* [INSTRUCTIONS FOR THE TASK]
As the lines appear below, please set them down exactly, starting at the first and finishing with the one containing "Create a compact".

☆ ☆ ☆ ☆

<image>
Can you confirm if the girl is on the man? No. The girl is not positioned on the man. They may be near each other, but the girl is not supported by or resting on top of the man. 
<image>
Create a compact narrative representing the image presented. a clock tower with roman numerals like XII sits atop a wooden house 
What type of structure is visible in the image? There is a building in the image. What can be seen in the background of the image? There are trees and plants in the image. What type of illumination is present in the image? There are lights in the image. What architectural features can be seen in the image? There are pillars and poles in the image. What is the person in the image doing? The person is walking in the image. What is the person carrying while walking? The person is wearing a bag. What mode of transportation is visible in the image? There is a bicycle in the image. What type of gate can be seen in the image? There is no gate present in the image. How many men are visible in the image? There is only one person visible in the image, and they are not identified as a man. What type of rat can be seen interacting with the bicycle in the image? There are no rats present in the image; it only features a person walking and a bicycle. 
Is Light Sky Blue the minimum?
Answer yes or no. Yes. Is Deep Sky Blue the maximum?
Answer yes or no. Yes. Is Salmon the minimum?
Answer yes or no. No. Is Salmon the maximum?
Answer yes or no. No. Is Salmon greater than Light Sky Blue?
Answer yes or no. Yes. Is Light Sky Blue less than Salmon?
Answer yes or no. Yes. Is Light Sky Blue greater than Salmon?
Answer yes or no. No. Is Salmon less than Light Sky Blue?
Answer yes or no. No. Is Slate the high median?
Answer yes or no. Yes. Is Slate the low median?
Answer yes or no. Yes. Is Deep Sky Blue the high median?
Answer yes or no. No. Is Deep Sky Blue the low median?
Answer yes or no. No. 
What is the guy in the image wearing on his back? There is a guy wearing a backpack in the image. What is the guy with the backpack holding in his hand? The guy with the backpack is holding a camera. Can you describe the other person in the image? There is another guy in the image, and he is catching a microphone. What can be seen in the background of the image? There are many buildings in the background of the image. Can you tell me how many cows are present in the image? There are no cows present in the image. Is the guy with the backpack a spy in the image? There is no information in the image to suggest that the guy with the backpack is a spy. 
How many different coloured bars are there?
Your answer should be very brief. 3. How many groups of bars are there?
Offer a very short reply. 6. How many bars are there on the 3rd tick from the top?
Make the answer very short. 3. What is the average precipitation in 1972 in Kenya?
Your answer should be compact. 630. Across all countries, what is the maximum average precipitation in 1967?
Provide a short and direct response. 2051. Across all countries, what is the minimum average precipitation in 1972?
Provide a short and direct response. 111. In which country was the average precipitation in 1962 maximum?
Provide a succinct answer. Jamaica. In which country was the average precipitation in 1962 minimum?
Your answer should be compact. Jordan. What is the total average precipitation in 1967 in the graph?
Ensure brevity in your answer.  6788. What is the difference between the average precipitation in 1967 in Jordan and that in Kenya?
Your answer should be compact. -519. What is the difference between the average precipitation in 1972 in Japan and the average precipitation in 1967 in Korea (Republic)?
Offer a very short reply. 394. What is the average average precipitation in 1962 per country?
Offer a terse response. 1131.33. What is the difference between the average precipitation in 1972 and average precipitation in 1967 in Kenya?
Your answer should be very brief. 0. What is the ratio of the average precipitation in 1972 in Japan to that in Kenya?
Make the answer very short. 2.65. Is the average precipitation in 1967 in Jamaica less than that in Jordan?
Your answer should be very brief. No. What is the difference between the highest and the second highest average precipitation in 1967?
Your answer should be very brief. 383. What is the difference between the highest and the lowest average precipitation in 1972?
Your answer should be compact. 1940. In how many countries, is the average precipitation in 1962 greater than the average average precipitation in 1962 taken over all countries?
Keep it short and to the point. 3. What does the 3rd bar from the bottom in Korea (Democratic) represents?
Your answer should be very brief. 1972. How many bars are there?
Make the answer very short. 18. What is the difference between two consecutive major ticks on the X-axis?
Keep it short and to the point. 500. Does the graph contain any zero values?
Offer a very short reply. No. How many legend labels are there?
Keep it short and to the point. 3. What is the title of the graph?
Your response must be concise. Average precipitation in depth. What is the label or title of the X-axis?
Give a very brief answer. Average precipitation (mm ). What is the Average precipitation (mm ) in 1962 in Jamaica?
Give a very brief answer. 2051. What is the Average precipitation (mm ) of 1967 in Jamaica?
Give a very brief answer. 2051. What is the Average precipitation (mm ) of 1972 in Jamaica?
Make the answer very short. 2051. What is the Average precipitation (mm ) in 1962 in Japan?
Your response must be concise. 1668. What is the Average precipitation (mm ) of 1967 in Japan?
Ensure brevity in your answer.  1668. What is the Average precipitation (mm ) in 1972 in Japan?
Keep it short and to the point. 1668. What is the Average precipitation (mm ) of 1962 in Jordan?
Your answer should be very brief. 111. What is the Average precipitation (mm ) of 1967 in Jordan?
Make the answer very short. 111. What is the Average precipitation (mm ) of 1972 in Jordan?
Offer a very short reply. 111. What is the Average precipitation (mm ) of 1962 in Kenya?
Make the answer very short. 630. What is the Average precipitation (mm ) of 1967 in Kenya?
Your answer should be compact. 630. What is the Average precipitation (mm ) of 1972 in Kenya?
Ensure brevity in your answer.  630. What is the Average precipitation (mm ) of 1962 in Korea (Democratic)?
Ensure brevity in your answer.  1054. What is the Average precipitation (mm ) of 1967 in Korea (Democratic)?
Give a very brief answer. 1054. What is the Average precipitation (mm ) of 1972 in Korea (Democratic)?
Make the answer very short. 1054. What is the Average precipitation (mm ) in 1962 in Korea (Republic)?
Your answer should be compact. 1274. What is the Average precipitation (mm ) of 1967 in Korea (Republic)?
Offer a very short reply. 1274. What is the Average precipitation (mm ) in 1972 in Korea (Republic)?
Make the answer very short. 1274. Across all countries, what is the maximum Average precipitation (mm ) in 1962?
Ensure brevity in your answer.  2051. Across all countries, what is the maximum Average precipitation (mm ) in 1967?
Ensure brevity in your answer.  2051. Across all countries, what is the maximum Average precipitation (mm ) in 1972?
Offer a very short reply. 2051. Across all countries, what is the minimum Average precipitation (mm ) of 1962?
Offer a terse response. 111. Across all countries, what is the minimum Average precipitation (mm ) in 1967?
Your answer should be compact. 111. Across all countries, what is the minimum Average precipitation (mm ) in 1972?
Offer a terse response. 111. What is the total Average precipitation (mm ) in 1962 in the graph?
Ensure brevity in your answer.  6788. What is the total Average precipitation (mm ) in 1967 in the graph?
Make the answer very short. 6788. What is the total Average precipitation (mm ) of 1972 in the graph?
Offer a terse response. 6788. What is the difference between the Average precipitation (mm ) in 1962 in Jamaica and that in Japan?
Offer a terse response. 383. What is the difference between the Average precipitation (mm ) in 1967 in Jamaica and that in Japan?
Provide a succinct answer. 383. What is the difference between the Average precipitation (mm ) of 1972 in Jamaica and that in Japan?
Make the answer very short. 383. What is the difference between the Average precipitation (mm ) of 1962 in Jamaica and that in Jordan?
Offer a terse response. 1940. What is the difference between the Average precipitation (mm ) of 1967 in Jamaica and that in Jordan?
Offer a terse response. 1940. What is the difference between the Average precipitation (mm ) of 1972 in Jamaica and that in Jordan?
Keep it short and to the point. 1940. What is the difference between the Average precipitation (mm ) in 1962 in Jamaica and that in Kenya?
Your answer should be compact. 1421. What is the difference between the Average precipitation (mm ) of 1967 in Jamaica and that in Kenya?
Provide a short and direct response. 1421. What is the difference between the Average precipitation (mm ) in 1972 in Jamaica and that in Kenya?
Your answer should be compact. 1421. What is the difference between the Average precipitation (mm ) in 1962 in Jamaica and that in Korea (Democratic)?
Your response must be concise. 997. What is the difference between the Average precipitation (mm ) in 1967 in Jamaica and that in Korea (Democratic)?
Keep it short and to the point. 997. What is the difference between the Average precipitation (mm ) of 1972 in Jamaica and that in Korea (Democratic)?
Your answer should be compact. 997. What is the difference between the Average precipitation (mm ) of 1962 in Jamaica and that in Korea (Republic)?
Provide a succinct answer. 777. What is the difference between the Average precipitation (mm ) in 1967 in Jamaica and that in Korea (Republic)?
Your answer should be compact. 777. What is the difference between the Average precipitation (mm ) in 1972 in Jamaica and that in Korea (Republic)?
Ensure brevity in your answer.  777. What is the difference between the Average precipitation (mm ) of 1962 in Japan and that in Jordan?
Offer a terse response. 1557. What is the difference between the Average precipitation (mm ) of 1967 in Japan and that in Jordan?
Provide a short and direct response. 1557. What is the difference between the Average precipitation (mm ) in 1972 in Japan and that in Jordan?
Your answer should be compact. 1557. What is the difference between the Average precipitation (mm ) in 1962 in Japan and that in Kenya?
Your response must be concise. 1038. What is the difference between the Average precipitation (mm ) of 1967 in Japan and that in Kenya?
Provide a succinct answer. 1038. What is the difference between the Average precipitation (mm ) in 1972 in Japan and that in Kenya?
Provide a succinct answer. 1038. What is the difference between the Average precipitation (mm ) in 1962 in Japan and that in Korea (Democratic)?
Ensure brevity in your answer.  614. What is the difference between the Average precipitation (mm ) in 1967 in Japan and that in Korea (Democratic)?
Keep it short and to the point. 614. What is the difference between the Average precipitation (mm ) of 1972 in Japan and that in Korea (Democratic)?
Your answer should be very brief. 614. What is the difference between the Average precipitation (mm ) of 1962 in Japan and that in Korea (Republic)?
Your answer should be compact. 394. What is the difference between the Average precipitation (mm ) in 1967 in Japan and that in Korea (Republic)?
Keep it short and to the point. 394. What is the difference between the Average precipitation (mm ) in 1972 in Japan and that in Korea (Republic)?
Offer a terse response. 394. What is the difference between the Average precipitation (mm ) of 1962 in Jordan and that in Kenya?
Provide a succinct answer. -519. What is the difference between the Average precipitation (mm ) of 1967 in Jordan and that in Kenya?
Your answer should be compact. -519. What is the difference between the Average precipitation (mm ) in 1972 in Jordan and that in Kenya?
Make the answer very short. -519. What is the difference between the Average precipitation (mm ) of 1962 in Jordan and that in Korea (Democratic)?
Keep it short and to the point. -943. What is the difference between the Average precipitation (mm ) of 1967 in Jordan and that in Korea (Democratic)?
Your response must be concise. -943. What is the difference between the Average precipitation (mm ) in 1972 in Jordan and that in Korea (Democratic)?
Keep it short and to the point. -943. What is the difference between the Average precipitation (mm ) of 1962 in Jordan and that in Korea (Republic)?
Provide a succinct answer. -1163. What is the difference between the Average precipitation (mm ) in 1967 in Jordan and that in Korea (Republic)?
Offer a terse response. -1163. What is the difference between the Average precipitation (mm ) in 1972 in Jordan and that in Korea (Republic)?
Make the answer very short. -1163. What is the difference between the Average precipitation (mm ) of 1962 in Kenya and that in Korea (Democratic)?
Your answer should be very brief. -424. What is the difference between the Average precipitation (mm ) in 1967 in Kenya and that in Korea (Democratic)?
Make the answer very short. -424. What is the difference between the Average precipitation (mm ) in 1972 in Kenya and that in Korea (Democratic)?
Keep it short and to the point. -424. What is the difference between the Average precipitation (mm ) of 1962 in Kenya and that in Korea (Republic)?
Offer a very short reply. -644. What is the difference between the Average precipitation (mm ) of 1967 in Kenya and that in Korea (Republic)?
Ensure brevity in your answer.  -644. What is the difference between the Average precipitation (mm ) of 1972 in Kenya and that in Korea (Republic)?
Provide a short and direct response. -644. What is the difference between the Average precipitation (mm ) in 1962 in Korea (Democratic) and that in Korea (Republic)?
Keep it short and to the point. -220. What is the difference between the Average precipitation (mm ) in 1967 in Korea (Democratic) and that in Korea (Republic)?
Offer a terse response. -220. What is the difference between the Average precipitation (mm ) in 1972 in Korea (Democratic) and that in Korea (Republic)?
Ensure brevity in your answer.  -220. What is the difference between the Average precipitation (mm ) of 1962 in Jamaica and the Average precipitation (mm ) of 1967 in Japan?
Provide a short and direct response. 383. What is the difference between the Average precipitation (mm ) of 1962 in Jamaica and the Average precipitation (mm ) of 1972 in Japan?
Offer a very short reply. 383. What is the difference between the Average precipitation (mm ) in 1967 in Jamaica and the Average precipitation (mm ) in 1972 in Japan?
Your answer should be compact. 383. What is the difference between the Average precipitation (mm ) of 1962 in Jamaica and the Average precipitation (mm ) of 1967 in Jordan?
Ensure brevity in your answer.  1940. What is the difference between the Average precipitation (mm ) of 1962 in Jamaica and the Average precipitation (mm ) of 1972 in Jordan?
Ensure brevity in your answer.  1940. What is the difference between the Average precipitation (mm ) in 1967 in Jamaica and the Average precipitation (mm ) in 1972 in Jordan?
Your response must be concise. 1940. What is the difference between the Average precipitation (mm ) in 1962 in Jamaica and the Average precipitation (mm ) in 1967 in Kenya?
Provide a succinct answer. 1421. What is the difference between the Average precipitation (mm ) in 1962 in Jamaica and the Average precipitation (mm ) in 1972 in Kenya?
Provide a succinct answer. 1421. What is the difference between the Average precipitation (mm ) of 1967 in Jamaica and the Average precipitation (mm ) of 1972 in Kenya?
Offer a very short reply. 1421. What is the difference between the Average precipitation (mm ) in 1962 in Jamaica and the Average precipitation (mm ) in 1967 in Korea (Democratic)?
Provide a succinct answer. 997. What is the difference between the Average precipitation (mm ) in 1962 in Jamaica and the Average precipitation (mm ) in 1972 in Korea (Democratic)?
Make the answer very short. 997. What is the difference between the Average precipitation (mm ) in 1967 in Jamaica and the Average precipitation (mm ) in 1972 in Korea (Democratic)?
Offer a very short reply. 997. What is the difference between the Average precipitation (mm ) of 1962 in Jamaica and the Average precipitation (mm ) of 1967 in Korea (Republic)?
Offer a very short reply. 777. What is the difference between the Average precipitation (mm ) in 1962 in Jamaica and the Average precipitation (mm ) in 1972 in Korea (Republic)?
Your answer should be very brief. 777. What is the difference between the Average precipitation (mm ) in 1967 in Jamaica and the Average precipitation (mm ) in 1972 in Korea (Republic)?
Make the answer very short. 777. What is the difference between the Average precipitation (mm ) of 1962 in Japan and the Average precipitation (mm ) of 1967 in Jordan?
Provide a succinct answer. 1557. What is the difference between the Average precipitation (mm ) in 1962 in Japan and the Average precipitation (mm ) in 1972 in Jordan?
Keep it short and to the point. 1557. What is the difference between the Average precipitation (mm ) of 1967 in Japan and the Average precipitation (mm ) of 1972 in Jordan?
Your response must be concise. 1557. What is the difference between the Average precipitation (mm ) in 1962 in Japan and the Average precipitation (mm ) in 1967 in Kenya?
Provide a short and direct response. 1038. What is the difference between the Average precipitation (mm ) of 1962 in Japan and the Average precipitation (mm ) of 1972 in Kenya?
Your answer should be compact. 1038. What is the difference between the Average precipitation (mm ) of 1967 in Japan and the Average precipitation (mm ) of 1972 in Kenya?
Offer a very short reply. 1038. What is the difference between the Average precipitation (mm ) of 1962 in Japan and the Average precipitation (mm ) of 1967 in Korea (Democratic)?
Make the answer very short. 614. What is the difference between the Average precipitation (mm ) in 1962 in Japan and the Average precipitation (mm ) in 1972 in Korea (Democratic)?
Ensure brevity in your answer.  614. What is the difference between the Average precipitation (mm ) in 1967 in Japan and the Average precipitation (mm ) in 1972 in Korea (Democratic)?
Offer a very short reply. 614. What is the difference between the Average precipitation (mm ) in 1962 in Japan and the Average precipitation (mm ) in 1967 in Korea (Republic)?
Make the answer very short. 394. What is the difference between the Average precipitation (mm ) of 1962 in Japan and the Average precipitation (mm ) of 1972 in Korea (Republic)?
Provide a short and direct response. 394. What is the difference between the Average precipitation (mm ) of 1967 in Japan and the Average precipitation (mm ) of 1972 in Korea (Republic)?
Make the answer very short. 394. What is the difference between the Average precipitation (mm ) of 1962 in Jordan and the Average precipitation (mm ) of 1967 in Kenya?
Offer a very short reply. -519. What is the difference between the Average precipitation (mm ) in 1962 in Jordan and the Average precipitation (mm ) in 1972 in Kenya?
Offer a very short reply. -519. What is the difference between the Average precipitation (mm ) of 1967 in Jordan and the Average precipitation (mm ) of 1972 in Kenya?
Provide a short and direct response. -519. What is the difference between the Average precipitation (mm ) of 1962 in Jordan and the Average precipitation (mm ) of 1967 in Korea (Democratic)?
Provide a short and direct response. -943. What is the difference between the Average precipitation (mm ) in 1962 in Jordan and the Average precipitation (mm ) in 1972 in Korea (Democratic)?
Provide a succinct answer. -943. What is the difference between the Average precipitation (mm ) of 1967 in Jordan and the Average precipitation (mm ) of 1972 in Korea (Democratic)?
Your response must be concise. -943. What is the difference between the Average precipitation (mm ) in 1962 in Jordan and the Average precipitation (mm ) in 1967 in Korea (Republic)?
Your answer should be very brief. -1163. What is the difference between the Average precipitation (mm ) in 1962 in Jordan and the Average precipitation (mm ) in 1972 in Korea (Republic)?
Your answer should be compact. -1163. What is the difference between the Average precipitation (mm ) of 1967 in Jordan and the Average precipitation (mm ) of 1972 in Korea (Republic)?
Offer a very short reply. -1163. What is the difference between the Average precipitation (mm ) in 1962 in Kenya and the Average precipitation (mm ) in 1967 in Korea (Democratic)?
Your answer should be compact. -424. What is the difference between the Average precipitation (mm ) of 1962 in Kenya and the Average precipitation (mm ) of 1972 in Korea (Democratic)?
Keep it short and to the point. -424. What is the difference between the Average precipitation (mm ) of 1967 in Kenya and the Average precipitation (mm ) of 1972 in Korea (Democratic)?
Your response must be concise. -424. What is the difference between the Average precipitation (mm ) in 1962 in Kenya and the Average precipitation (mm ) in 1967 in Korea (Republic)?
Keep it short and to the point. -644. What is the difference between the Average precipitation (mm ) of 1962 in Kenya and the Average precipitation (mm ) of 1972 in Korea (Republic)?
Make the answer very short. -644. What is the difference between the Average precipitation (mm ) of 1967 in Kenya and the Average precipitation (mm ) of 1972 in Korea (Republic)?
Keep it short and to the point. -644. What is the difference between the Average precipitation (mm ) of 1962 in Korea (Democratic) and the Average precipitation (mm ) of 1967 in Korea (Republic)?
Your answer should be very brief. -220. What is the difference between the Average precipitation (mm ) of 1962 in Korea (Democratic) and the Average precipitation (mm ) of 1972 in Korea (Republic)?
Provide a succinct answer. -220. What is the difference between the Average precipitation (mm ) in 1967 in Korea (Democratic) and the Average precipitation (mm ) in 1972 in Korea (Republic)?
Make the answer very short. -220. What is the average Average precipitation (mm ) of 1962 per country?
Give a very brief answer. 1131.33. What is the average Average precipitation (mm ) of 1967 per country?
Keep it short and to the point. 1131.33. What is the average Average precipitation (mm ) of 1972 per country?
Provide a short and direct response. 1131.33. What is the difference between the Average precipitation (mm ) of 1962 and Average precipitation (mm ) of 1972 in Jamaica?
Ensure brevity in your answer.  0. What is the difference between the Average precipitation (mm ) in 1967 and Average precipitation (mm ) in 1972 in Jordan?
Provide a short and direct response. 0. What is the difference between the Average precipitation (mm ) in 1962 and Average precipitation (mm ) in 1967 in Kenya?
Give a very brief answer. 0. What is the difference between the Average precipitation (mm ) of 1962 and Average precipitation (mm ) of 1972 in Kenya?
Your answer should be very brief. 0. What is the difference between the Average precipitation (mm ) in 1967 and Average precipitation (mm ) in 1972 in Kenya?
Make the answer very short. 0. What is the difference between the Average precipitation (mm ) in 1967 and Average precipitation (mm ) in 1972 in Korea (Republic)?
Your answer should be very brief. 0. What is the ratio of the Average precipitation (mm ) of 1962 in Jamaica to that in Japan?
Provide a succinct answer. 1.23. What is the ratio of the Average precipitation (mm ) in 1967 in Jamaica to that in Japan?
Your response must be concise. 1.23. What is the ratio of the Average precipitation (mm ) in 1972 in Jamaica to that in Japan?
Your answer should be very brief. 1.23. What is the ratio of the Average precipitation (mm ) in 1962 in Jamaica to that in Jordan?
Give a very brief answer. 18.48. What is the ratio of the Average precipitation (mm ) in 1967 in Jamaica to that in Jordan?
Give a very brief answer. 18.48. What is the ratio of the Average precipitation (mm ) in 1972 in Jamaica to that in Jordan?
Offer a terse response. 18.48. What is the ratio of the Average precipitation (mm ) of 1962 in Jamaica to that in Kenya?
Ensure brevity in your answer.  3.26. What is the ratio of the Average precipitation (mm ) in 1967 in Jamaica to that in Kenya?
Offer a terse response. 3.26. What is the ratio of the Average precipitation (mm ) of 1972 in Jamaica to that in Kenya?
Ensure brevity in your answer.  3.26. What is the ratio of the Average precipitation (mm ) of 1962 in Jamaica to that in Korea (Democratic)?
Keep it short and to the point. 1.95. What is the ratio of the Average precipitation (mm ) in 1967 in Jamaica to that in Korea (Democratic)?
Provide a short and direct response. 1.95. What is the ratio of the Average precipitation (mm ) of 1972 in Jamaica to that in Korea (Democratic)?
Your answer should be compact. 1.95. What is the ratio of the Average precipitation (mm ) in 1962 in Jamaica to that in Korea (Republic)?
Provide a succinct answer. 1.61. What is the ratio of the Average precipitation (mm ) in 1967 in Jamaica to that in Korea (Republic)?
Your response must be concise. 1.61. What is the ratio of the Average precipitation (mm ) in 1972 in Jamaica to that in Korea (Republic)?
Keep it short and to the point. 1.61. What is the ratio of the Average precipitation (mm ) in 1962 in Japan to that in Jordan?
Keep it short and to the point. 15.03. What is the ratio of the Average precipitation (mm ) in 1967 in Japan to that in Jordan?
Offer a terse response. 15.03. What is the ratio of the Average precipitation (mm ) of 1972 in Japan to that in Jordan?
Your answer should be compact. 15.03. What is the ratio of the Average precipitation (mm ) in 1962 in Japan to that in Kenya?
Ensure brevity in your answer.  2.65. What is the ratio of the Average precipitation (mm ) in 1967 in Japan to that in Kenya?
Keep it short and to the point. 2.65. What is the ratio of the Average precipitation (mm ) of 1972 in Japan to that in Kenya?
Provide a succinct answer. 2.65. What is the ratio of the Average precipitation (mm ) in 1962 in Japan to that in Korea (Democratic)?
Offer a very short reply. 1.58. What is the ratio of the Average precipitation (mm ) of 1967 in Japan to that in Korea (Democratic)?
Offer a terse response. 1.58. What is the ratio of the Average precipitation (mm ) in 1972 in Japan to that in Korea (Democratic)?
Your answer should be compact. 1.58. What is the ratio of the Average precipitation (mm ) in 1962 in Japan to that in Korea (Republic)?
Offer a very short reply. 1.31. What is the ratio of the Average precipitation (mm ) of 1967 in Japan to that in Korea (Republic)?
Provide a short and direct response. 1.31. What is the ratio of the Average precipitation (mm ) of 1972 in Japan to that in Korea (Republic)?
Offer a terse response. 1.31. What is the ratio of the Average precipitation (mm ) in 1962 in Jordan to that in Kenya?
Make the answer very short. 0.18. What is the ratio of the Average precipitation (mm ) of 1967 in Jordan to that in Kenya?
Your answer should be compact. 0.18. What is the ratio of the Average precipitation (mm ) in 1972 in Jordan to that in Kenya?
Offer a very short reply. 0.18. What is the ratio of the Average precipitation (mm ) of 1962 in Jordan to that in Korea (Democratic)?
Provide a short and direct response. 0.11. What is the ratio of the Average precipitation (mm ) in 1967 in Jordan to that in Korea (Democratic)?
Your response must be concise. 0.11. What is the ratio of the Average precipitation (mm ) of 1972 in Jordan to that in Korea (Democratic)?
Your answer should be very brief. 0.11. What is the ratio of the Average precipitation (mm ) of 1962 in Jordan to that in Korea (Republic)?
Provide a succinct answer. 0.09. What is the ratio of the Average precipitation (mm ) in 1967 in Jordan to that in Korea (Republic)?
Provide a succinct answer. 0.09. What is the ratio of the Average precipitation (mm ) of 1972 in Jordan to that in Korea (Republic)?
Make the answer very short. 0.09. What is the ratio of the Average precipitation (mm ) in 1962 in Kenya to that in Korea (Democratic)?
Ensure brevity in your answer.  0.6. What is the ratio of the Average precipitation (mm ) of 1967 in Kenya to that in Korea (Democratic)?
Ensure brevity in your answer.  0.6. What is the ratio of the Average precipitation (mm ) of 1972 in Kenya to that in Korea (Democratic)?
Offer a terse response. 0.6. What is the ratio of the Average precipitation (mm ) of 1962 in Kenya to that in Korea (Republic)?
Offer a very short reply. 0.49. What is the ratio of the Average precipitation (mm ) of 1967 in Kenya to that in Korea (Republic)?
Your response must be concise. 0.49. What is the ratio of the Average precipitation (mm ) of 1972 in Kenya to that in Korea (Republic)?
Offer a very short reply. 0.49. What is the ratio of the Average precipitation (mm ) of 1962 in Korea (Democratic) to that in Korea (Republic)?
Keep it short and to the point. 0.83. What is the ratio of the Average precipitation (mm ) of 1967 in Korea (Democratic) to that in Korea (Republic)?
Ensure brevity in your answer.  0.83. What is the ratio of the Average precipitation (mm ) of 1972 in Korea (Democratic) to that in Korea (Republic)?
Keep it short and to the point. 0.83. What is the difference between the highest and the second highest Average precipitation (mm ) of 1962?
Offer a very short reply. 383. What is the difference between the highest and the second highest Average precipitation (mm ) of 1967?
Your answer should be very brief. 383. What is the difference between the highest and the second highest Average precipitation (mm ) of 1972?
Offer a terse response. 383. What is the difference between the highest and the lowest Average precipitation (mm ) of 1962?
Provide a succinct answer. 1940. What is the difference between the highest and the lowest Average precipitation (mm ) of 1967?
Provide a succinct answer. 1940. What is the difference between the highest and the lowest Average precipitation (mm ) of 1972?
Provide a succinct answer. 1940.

☆ ☆ ☆ ☆

* [SOLVED PROBLEM]
<image>
Can you confirm if the girl is on the man? No. The girl is not positioned on the man. They may be near each other, but the girl is not supported by or resting on top of the man. 
<image>
Create a compact narrative representing the image presented. a clock tower with roman numerals like XII sits atop a wooden house 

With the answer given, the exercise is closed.